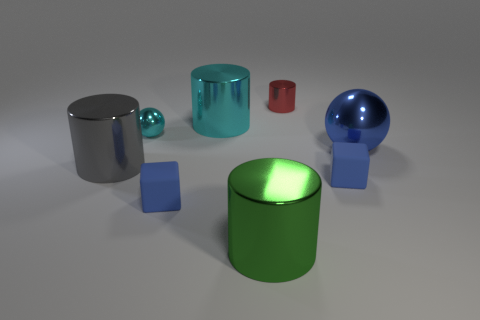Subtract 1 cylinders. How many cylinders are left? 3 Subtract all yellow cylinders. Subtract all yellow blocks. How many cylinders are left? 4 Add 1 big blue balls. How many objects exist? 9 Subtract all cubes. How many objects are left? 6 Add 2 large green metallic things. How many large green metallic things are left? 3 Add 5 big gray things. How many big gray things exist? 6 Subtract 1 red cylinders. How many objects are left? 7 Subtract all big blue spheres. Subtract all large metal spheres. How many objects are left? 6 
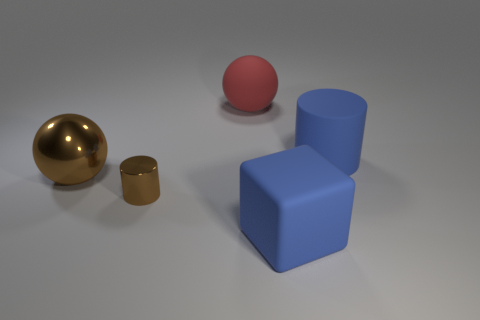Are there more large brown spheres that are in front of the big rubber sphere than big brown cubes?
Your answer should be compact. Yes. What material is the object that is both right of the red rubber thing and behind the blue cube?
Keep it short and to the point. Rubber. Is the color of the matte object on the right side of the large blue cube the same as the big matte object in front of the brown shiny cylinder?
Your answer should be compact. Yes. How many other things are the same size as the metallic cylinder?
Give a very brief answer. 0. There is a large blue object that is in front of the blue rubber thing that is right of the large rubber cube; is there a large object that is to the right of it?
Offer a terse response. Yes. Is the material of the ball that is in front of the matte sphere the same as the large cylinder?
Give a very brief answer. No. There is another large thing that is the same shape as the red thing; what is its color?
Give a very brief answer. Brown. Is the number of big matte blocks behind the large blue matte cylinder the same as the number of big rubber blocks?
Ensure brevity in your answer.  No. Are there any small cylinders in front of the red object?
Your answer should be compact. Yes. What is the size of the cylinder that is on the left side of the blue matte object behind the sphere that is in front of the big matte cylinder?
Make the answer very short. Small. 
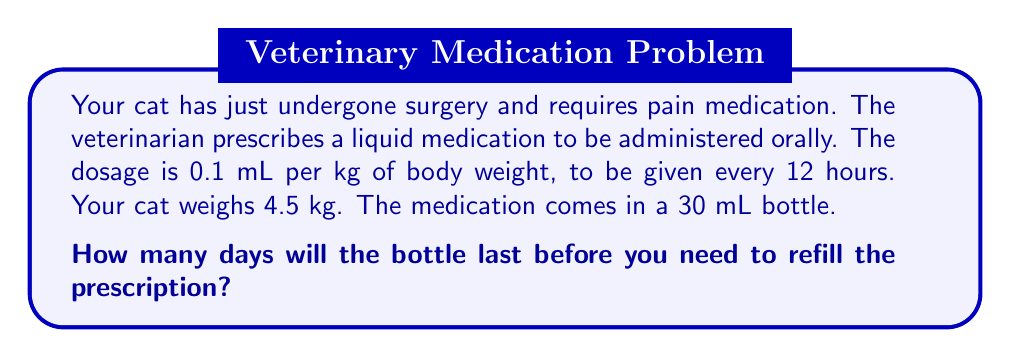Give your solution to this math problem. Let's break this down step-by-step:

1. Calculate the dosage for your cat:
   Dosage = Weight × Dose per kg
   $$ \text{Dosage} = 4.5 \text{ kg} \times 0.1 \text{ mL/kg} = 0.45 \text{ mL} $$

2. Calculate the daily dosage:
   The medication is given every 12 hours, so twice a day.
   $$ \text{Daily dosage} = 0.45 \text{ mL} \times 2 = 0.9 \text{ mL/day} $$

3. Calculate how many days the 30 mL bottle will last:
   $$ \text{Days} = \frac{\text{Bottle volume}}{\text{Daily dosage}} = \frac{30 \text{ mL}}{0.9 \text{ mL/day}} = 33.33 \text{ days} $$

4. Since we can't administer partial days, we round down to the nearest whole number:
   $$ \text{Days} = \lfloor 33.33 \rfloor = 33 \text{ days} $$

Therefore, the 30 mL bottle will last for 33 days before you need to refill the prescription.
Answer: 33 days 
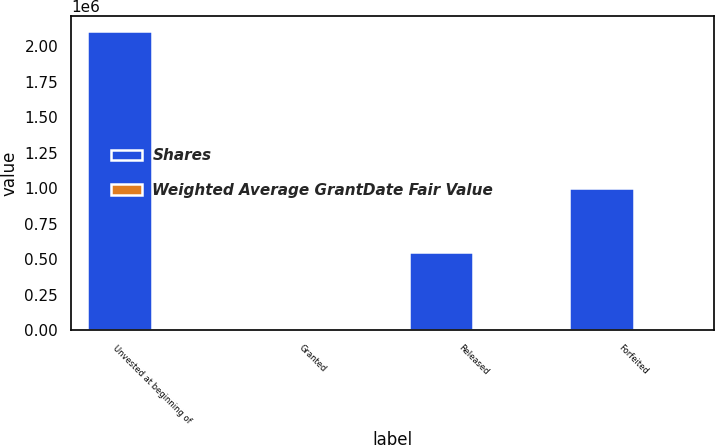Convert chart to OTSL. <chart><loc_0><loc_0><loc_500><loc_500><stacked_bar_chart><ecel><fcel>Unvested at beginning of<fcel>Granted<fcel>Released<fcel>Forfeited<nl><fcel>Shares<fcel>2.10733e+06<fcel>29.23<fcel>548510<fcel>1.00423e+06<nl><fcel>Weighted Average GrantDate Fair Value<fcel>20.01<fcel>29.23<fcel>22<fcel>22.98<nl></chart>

Instructions for the task ▸
The answer must be every line from the records above that contains the word "text", copied out.

Your solution ▸
   $$ \text{Dosage} = 4.5 \text{ kg} \times 0.1 \text{ mL/kg} = 0.45 \text{ mL} $$
   $$ \text{Daily dosage} = 0.45 \text{ mL} \times 2 = 0.9 \text{ mL/day} $$
   $$ \text{Days} = \frac{\text{Bottle volume}}{\text{Daily dosage}} = \frac{30 \text{ mL}}{0.9 \text{ mL/day}} = 33.33 \text{ days} $$
   $$ \text{Days} = \lfloor 33.33 \rfloor = 33 \text{ days} $$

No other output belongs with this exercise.